Integrate the function \( g(t)=\exp{(-t^4)} \) from -2 to 2 using the Trapezoidal rule, defined by $$ \begin{equation} \int_a^b f(x)dx \approx h\left( {1\over2}(f(a) + f(b)) + \sum_{i=1}^{n-1} f(a+ih)\right), \quad h = (b-a)/n \tag{1} \end{equation} $$
Many will attempt to solve the problem by this simple program in Matlab:
a = -2; b = 2;
n = 1000;
h = (b-a)/n;
s = 0.5*(exp(-a^4) + exp(-b^4));
for i = 1:n-1
s = s + exp(-(a+i*h)^4);
end
r = h*s;
r
The solution is minimalistic and correct. Nevertheless, this solution has a common pedagogical and software engineering flaw: a special function \( \exp(-t^4) \) is merged into a general algorithm (1) for integrating an arbitrary function \( f(x) \).

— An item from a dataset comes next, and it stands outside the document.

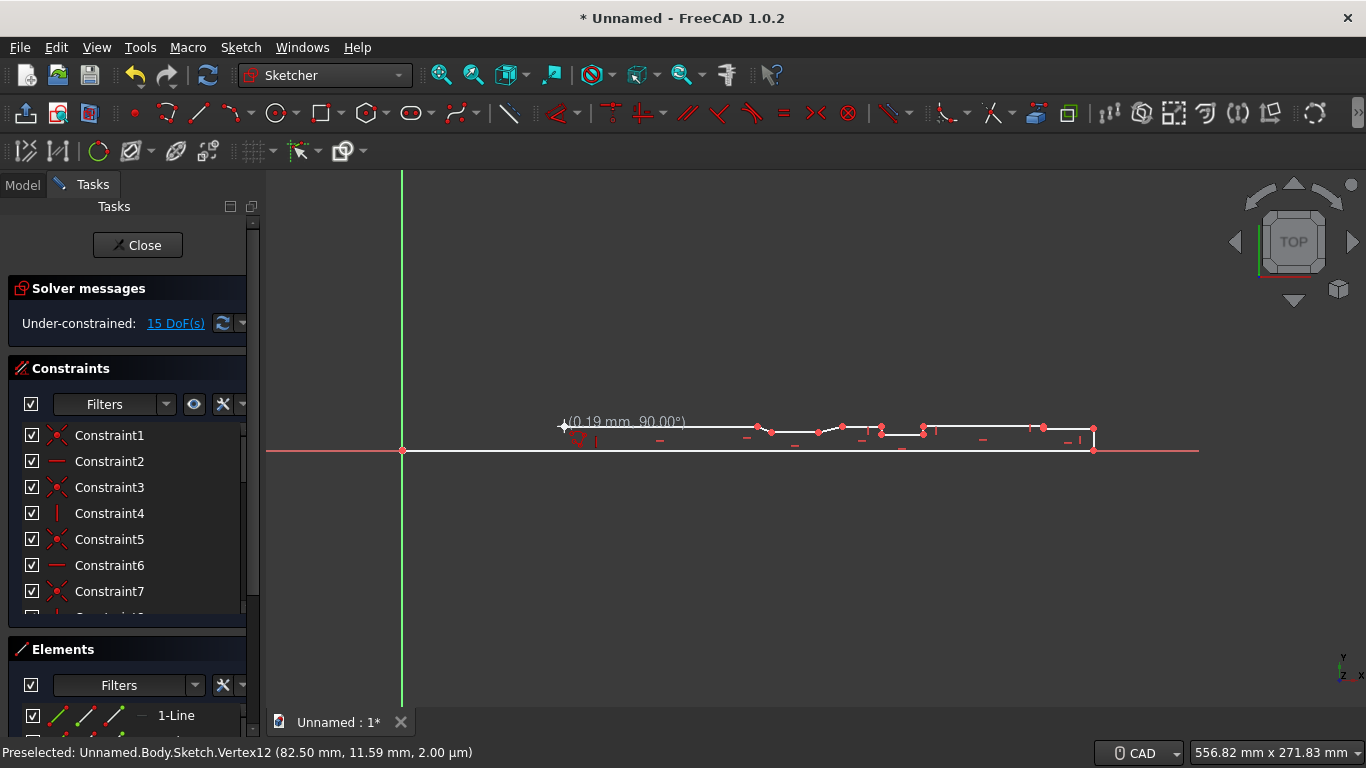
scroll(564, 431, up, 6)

The writer of the program runs it and reports the result: 1.81280494737. How can one assess that this result is correct? There is no exactly known result to compare with. Also, the program above is not well suited for switching to an integrand where we can compare with an exact answer, because several lines need modification.
A fundamental software engineering practice is to use functions for splitting a program into natural pieces, and if possible, make these functions sufficiently general to be reused in other problems. In the present problem we should strive for the following principles:
Trapezoidal.m containing
function r = Trapezoidal(f, a, b, n)
% Numerical integration from a to b
% with n intervals by the Trapezoidal rule
f = fcnchk(f);
h = (b-a)/n;
s = 0.5*(f(a) + f(b));
for i = 1:n-1
s = s + f(a+i*h);
end
r = h*s;
The special \( g(t) \) function can be implemented in a separate file g.m
or put in the main program. The function becomes
function v = g(t)
v = exp(-t^4)
end
Finally, a specialized main program (main.m) solves the problem at hand:
a = -2; b = 2;
n = 1000;
result = Trapezoidal(@g, a, b, n);
disp(result);
exit
The important feature of this solution is that Trapezoidal.m can be
reused for "any" integral. In particular, it is straightforward
to also integrate an integrand where we know the exact result.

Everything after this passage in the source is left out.